Possibly the most notorious prank video to date is one that was removed from YouTube shortly after its release last month. A popular YouTuber called Sam Pepper (his channel has 2.3 million subscribers) sparked instant outrage with a clip in which he apparently used a fake hand to distract women on the street — while he groped them with his actual hand.

His reported defense? It was all a “social experiment.”

Pepper’s most popular video involves him and a friend bothering people on elevators. Probably by accident, this echoes a classic Candid Camera bit, in which confederates faced the wrong direction (away from the door), prompting an unsuspecting rider to do the same as a function of conformity.

Here the prank is just seeing how people react to wildly annoying behavior.

Result: 5.7 million views.

Pepper hasn’t been posting lately, and seems to have other problems at the moment, but many of the more recent clips on his channel are “pranks” that in one way or another involve manipulating, or simply humiliating, women.

This connects them to the truly sad subculture of “pickup artist”-style advice. And as it turns out, this connection goes both ways: A YouTube channel called Simple Pickup (generally devoted to tips on “pickup lines” and interviews with “hot girls”), recently had a major viral hit — 12 million views and counting — with its own “social experiment” video.

In short: A woman who looks young and fit on the hookup app Tinder arrives for a first date in makeup and prosthetics that make her look overweight and unappealing.

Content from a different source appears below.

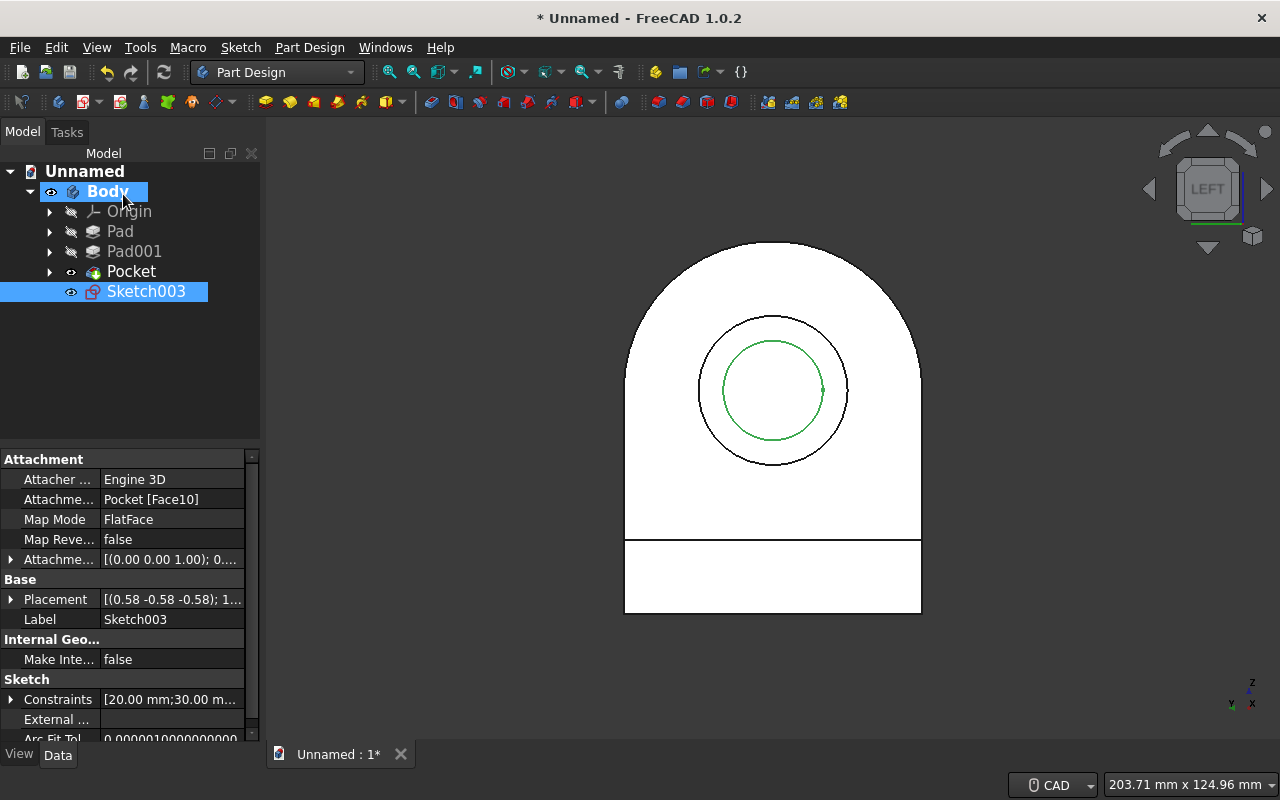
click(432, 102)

Naturally the horny studs who show for a coffee meet-up respond boorishly.

The video proved to be a major boost to Simple Pickup’s audience.

The channel also produced a version of the same “experiment” involving a surprise “fat guy.” It’s popular, too — but not as popular.

Hm, I wonder why?

Actually, no, I don’t. Because I think that to the extent these newer iterations of the prank video are still “social experiments,” they say very little about the pranked, or even the prankster.

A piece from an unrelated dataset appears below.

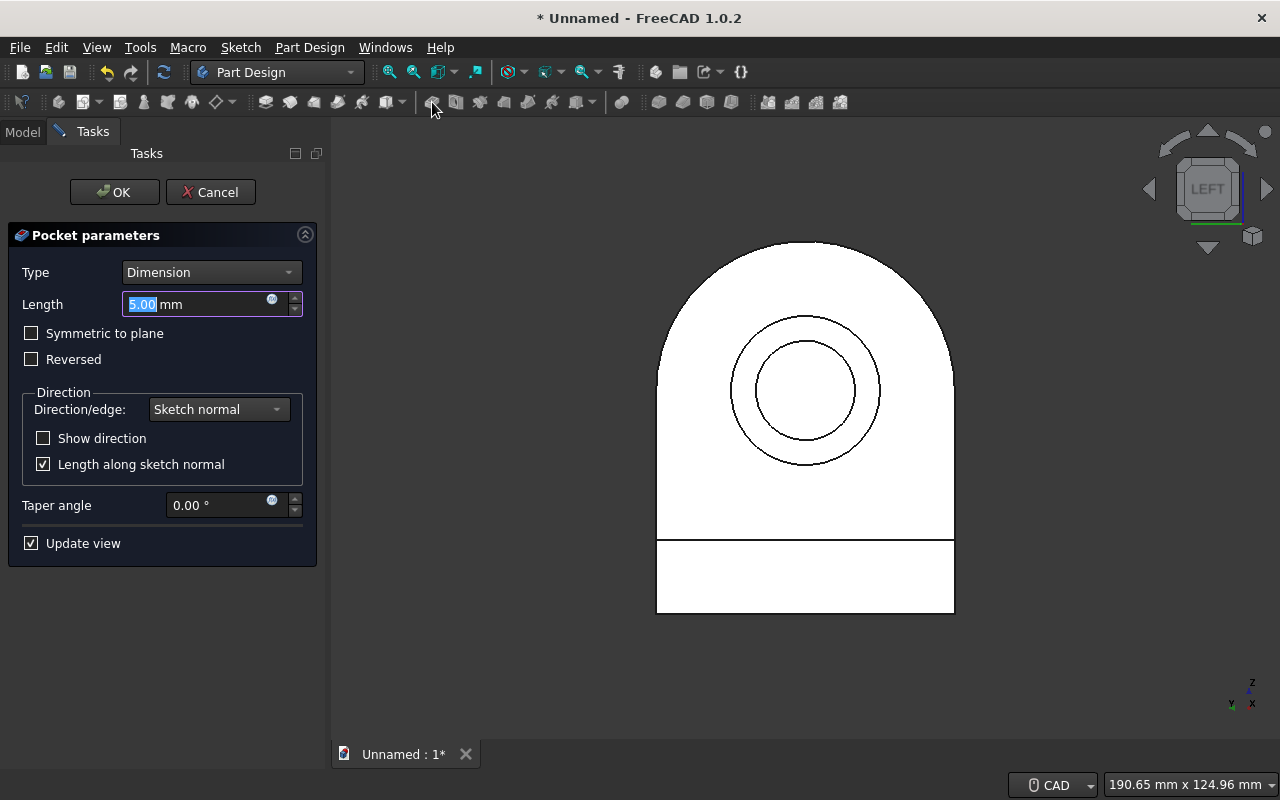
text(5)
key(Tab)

The only experiment now is to see how low you can go and still score a viral hit. No need to worry about exploring human psychology or turning up some interesting sociological phenomenon: What innocent person can be hoodwinked, to confirm which dumb stereotype, in order to rack up maximum views?

After spending time researching prank videos, I am here to tell you: If this is a social experiment, we all just failed.